**THE TASK:**
Among the lines below, count those that include "pitch", and state the count alone.
Top of SOURCE DATA
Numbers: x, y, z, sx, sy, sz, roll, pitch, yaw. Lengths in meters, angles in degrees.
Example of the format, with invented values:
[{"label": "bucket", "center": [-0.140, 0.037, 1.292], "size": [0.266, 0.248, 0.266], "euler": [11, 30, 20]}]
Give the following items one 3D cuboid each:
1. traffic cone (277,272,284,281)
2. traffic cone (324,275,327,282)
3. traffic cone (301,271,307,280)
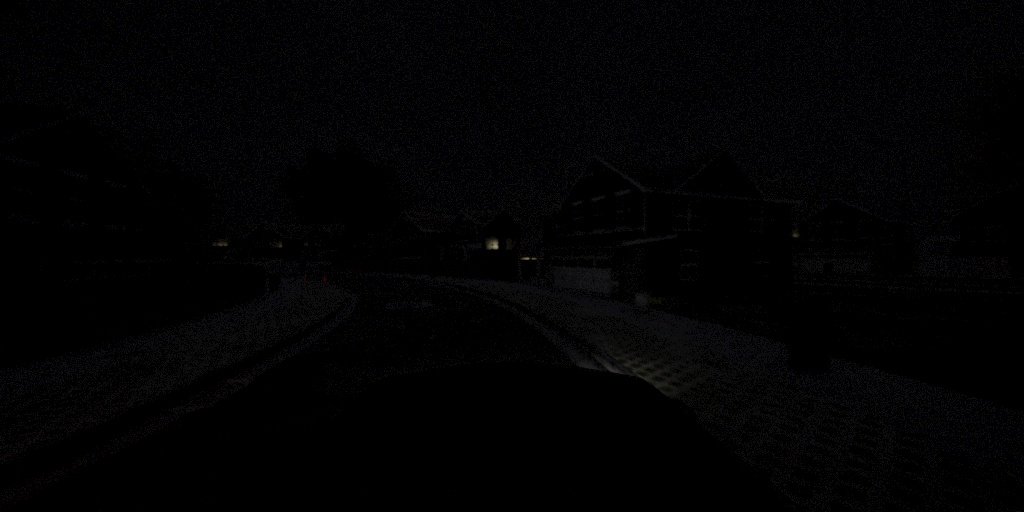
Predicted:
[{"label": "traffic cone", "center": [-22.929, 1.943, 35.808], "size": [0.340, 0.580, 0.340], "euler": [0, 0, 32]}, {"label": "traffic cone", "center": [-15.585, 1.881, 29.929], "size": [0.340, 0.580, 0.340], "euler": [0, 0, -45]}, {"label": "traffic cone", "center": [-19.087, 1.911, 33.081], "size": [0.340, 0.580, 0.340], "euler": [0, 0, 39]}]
Bottom of SOURCE DATA
Top of SOURCE DATA
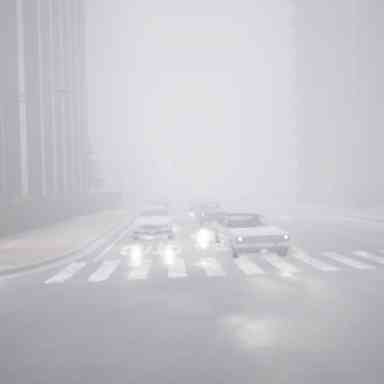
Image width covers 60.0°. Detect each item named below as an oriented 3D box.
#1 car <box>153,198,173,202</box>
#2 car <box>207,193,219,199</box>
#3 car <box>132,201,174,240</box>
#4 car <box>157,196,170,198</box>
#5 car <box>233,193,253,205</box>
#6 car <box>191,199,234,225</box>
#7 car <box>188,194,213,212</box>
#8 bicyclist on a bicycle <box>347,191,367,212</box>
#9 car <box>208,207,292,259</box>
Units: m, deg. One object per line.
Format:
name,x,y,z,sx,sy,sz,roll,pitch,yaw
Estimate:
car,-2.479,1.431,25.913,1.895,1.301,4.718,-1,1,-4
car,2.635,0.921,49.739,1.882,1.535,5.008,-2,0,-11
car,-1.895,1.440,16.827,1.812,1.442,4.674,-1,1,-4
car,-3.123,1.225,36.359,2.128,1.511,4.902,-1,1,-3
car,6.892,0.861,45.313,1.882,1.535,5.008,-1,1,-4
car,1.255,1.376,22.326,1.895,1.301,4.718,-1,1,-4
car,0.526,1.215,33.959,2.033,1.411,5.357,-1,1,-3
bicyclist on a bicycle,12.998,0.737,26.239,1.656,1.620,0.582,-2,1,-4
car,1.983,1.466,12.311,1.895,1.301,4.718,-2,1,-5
Bottom of SOURCE DATA
**SOLUTION TO THIS TASK:**
2